### [Exercise goal]
Retype exactly the lines that run from the start of the data to the line holding "BOSS_EXTRUDE2_START = 9", including both, and only those.

----------

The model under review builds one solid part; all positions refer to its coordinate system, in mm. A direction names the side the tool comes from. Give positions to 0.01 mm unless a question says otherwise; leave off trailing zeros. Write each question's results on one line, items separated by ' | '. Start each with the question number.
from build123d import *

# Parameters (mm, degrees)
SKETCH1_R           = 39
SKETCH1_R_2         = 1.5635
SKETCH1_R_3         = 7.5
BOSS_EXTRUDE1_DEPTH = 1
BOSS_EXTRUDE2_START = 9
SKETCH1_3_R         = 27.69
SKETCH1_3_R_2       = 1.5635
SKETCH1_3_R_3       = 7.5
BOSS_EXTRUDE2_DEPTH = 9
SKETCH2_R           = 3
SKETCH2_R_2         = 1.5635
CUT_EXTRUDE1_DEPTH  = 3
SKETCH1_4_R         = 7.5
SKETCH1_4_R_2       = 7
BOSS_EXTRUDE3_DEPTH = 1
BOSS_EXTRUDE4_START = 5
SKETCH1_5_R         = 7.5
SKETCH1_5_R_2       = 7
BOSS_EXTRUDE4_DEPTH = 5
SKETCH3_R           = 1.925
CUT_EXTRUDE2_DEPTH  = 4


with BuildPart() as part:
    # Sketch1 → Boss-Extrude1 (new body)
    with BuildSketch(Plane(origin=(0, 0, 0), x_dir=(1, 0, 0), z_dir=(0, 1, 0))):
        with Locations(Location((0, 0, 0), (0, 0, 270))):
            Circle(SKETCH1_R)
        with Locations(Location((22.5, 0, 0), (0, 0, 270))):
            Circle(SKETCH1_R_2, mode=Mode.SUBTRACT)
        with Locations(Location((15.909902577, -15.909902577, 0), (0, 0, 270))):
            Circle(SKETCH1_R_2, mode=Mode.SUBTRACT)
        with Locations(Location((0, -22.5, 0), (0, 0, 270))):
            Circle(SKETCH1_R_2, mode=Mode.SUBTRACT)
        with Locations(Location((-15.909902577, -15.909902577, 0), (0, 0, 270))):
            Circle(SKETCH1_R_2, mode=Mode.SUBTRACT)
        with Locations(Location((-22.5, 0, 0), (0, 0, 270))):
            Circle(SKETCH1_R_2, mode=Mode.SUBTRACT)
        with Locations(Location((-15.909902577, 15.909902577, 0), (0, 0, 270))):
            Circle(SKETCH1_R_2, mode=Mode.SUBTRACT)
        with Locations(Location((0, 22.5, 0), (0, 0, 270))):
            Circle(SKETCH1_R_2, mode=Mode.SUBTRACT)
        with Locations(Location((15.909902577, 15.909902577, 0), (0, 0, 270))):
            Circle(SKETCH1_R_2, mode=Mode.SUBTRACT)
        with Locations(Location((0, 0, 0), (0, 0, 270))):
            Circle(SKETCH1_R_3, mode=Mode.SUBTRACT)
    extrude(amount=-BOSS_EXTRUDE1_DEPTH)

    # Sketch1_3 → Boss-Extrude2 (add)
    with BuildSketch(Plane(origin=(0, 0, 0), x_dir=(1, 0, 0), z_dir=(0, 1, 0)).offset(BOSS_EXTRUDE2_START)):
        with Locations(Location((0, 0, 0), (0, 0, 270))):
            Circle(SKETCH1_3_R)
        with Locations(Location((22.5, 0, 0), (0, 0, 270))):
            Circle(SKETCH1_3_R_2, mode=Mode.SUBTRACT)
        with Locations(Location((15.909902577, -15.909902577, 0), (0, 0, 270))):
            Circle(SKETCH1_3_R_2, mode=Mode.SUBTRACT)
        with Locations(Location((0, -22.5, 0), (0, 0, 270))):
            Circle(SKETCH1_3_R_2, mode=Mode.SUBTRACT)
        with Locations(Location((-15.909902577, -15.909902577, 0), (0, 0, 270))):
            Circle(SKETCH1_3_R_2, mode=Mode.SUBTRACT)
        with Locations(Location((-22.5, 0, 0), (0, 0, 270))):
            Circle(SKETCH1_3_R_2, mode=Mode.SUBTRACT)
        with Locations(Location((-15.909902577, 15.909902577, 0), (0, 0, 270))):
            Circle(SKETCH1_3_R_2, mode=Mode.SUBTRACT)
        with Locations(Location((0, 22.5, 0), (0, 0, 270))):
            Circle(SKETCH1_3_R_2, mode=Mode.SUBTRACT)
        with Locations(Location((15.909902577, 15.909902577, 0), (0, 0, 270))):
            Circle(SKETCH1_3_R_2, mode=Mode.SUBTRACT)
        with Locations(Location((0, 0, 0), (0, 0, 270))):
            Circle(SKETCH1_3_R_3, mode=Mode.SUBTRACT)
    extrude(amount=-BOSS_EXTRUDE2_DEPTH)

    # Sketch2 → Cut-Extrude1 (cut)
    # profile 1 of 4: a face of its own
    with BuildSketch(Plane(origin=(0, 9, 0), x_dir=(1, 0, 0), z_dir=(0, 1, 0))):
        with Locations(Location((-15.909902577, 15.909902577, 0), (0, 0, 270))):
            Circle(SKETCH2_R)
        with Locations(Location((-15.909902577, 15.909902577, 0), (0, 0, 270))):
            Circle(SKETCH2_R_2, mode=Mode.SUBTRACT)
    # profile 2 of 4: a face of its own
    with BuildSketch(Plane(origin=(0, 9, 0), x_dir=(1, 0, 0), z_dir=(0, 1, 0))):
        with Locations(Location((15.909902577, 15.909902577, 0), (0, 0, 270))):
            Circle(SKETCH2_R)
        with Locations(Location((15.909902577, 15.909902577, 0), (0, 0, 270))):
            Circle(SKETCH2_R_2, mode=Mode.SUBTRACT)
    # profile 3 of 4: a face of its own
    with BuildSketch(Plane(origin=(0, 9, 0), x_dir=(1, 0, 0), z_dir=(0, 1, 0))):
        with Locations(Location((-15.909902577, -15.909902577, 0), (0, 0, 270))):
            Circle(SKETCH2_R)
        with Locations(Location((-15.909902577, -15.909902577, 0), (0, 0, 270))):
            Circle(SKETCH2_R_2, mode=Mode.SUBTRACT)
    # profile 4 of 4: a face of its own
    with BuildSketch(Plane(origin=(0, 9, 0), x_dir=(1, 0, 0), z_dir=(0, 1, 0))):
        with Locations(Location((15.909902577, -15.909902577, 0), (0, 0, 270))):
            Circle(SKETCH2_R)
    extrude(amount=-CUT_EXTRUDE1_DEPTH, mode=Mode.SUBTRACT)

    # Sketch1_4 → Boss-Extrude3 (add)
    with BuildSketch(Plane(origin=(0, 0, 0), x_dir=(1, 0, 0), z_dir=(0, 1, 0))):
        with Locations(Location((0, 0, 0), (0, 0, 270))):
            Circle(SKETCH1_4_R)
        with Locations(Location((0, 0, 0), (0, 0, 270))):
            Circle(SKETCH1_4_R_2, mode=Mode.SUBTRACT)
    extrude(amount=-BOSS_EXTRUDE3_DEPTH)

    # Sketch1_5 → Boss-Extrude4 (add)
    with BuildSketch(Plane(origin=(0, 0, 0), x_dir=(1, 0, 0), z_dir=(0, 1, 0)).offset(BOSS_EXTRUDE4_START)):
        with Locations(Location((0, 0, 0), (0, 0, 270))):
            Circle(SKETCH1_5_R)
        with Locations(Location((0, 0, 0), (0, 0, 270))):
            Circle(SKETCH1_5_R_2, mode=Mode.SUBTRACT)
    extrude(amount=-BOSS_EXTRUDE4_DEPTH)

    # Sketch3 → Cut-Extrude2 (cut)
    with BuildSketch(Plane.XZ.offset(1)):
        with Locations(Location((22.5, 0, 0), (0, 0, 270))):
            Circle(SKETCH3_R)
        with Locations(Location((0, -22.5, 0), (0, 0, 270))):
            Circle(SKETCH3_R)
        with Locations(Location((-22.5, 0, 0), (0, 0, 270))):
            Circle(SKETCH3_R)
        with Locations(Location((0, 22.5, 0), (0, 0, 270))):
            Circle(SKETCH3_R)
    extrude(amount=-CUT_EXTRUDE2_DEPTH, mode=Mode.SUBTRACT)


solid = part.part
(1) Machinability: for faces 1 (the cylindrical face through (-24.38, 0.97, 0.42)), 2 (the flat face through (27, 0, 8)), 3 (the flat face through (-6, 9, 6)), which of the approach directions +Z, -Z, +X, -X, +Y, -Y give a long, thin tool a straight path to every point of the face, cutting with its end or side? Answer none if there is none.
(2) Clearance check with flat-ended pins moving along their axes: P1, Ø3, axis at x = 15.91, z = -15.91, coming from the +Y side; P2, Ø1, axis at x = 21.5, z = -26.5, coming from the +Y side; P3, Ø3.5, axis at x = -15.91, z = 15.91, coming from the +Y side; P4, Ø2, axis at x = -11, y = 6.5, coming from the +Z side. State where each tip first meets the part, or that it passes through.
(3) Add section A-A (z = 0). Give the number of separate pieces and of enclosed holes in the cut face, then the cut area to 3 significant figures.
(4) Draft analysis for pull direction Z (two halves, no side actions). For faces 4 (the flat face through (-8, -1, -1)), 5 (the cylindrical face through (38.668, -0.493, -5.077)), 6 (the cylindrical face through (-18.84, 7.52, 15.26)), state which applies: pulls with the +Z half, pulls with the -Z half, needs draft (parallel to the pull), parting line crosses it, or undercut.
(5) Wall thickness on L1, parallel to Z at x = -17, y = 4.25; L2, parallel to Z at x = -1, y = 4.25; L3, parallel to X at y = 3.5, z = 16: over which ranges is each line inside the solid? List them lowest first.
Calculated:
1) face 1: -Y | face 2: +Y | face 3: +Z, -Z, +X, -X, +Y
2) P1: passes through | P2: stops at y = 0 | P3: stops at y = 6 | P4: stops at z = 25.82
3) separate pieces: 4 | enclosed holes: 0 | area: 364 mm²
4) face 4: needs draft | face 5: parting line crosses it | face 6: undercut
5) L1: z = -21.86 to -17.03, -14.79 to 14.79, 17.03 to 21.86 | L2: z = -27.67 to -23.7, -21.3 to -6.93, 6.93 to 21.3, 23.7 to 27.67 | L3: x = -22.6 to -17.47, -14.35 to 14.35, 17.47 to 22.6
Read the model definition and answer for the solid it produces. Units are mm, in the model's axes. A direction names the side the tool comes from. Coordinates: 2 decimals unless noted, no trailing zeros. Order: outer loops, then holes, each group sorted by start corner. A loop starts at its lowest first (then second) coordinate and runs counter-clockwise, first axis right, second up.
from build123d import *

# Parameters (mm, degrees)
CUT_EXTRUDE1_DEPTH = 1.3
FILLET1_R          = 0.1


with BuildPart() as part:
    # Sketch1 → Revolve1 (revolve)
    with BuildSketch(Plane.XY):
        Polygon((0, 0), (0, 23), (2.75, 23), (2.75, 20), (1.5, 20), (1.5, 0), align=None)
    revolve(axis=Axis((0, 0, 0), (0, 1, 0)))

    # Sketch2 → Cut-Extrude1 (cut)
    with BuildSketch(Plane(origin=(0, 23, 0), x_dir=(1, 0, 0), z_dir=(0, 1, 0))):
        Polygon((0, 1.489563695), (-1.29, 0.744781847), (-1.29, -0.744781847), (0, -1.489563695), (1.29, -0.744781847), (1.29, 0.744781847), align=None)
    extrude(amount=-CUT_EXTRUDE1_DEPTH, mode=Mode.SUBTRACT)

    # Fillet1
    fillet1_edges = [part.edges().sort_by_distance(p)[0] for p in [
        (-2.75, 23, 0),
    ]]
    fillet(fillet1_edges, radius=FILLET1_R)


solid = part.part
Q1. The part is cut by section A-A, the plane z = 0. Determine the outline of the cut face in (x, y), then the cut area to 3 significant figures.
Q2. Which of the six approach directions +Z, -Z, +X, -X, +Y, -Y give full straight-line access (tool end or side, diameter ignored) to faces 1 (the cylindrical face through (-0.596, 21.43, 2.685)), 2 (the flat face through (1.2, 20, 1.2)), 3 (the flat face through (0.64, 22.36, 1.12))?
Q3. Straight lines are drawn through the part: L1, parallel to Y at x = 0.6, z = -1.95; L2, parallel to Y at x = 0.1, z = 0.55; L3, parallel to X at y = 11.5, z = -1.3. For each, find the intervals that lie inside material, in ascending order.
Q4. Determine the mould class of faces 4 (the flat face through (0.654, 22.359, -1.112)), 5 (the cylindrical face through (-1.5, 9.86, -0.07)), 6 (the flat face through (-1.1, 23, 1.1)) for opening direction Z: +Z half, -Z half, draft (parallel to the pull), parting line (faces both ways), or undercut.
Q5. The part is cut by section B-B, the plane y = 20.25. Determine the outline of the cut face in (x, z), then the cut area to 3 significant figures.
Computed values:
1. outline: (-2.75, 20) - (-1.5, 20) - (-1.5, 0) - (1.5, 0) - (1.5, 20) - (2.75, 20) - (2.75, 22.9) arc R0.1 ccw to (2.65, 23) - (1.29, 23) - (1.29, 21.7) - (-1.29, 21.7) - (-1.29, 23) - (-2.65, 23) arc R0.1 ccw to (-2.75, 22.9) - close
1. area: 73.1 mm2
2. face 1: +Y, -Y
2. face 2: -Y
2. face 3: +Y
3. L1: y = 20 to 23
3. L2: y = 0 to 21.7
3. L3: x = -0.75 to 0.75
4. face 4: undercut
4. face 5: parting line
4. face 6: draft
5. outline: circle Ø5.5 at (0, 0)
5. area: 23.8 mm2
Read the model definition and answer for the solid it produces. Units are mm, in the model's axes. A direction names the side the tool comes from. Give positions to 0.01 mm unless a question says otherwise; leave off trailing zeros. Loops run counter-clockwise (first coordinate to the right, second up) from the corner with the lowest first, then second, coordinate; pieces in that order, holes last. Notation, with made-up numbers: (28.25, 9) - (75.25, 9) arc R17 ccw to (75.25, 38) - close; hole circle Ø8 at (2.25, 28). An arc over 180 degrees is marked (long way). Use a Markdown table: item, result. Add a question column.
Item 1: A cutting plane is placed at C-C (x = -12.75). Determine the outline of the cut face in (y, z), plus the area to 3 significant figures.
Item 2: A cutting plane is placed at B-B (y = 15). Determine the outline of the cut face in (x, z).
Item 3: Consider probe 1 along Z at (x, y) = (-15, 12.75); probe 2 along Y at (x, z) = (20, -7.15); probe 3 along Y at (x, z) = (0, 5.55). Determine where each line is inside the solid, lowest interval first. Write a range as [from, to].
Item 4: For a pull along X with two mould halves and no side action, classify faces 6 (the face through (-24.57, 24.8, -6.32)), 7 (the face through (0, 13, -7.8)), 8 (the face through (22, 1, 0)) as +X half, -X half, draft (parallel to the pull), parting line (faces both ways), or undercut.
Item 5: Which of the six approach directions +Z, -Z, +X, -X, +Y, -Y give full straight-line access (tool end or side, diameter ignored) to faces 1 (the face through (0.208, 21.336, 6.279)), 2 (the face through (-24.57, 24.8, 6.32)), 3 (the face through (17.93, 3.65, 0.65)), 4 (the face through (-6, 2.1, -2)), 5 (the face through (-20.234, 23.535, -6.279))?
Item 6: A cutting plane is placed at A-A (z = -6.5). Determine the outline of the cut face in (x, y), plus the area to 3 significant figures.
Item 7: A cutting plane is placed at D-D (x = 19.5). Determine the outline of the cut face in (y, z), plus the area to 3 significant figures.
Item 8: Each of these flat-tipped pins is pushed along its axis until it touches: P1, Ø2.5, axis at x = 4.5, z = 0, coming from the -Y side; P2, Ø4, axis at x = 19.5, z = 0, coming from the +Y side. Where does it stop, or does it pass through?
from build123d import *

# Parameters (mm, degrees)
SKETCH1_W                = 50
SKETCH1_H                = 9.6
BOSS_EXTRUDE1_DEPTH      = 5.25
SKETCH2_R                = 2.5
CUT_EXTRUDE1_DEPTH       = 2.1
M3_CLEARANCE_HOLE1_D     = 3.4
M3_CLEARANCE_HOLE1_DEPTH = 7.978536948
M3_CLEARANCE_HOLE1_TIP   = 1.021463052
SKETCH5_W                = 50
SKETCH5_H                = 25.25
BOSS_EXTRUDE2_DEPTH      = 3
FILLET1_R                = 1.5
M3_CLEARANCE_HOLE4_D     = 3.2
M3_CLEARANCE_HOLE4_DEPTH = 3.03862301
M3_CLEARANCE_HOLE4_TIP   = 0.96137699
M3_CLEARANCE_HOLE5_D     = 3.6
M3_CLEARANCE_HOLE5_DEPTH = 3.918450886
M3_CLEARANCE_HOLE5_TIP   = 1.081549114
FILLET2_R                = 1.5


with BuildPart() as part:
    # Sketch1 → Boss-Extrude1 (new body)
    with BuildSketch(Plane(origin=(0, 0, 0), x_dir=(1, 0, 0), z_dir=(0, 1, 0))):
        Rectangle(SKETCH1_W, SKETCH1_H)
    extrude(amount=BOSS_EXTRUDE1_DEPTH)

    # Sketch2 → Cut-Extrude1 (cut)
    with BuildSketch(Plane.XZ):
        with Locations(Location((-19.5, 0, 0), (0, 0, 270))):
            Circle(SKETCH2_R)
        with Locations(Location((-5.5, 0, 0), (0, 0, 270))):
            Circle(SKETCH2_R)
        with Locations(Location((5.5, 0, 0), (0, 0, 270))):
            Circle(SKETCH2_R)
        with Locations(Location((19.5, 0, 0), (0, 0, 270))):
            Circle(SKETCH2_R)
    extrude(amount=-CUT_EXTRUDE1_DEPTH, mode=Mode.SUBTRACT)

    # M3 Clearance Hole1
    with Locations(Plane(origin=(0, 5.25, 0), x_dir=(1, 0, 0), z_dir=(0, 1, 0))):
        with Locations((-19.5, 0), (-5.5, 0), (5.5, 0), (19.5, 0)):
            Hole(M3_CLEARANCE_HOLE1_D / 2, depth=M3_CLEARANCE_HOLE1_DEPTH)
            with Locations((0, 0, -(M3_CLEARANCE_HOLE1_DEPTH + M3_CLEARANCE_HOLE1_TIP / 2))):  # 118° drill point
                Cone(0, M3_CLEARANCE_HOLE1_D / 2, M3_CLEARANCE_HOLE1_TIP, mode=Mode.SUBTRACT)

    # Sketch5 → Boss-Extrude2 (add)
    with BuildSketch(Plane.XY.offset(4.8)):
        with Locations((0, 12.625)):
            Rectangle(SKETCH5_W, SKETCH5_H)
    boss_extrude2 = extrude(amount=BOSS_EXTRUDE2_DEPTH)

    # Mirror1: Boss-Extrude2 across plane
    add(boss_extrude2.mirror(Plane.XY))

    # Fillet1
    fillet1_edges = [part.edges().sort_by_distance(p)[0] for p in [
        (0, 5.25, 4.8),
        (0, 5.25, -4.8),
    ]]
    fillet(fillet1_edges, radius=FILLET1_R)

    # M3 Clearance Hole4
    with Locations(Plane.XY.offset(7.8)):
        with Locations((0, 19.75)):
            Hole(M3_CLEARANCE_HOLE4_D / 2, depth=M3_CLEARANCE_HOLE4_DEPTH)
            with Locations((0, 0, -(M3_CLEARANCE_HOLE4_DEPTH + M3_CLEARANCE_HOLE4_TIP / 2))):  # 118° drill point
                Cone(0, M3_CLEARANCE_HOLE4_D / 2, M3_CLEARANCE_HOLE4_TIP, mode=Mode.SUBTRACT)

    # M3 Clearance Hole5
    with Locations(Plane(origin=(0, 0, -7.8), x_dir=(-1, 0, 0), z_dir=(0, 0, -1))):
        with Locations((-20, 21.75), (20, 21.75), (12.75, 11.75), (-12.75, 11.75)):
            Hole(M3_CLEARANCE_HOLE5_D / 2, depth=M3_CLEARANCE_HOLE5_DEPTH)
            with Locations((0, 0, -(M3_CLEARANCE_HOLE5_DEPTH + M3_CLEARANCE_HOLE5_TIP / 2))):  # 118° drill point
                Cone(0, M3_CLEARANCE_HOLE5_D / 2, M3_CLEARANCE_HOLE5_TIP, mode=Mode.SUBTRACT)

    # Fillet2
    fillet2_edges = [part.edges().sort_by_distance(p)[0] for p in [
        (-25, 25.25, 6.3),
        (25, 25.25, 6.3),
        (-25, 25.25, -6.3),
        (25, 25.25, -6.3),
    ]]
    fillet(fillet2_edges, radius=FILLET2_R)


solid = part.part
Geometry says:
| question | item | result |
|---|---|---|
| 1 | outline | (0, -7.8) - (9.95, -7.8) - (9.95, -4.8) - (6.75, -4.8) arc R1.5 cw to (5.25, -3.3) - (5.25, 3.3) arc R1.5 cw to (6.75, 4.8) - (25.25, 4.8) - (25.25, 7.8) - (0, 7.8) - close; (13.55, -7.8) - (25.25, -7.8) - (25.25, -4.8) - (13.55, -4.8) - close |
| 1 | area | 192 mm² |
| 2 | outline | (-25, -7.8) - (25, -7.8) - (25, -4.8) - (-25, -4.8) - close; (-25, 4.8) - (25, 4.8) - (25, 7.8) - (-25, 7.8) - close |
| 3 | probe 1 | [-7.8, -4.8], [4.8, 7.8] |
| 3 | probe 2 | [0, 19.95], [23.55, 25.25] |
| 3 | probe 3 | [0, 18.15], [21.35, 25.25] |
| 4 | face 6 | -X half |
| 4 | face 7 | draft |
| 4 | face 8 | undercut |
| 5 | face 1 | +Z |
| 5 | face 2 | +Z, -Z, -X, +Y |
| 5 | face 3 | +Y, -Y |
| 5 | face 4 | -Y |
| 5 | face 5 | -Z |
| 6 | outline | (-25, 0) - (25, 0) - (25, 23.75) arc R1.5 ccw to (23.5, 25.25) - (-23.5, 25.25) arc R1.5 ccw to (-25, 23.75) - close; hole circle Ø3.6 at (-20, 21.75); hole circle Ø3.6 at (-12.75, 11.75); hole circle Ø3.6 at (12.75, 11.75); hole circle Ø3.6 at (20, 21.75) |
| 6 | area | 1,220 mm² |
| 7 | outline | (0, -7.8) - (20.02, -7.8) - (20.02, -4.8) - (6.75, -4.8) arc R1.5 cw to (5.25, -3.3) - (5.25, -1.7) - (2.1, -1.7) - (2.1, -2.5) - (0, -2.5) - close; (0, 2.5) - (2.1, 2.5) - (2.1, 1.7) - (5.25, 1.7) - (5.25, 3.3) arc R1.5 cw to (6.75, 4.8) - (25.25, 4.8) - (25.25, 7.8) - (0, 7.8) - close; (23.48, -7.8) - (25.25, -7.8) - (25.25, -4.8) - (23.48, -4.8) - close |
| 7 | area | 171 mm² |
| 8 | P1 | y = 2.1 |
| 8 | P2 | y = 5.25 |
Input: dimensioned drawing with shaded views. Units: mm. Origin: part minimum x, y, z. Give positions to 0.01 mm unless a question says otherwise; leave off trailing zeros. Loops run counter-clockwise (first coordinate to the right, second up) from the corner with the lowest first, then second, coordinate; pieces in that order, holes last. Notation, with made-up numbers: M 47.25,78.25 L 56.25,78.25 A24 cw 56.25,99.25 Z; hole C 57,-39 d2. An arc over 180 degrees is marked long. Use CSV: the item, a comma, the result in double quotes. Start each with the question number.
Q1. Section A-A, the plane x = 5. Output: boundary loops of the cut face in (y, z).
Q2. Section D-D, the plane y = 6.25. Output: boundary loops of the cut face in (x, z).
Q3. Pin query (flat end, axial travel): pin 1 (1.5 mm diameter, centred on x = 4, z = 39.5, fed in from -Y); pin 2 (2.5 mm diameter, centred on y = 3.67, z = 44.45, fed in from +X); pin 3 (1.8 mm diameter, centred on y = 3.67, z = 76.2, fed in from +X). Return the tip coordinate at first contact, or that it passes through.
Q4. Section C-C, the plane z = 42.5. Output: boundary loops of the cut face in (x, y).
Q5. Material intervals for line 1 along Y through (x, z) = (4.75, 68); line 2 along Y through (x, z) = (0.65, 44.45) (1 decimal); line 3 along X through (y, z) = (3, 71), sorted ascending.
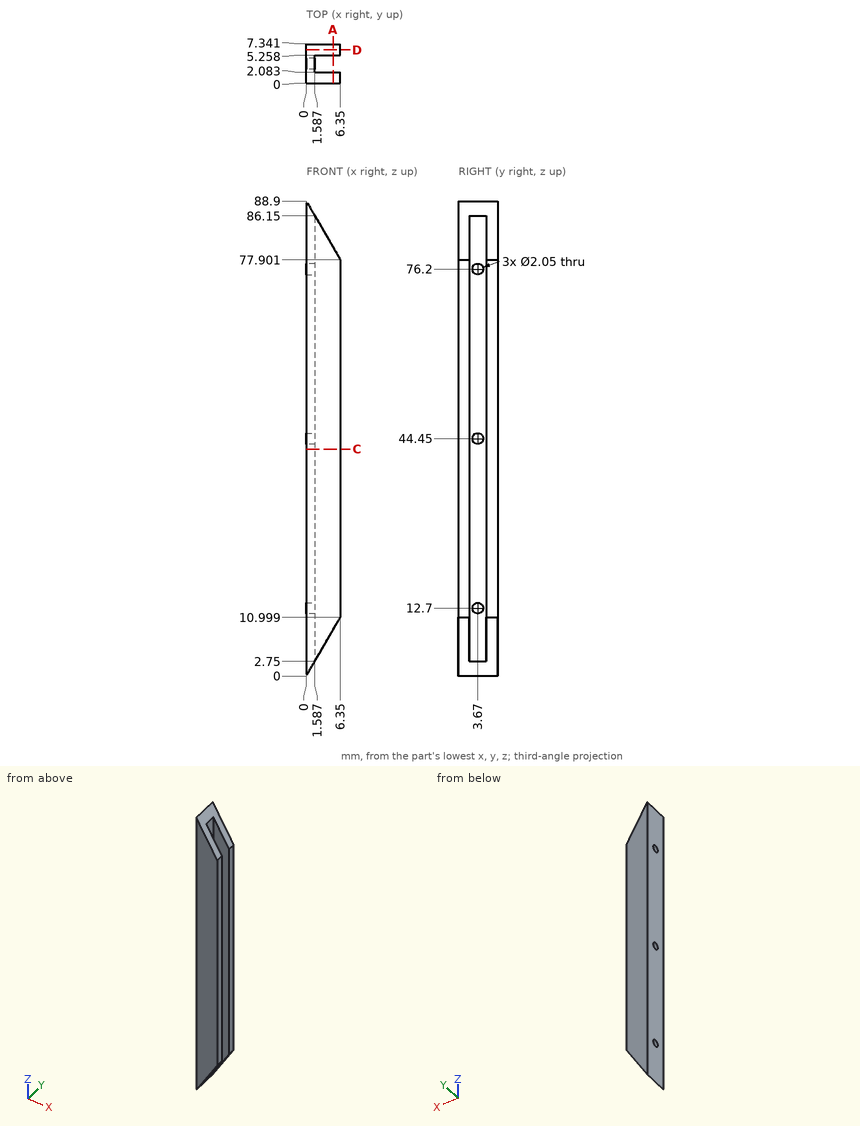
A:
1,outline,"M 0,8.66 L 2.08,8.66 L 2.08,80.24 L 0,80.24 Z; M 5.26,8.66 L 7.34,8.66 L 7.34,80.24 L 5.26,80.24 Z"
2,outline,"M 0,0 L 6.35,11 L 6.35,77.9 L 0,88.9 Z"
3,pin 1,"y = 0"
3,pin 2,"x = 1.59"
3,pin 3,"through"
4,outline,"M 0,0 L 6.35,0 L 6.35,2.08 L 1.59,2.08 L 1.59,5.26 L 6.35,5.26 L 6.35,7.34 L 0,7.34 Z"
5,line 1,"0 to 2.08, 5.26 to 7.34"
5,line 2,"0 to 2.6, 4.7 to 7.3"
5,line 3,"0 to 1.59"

----------

### [Task response]
The model under review builds one solid part; all positions refer to its coordinate system, in mm. A direction names the side the tool comes from. Give positions to 0.01 mm unless a question says otherwise; leave off trailing zeros. Write each question's results on one line, items separated by ' | '. Start each with the question number.
from build123d import *

# Parameters (mm, degrees)
SKETCH1_R           = 39
SKETCH1_R_2         = 1.5635
SKETCH1_R_3         = 7.5
BOSS_EXTRUDE1_DEPTH = 1
BOSS_EXTRUDE2_START = 9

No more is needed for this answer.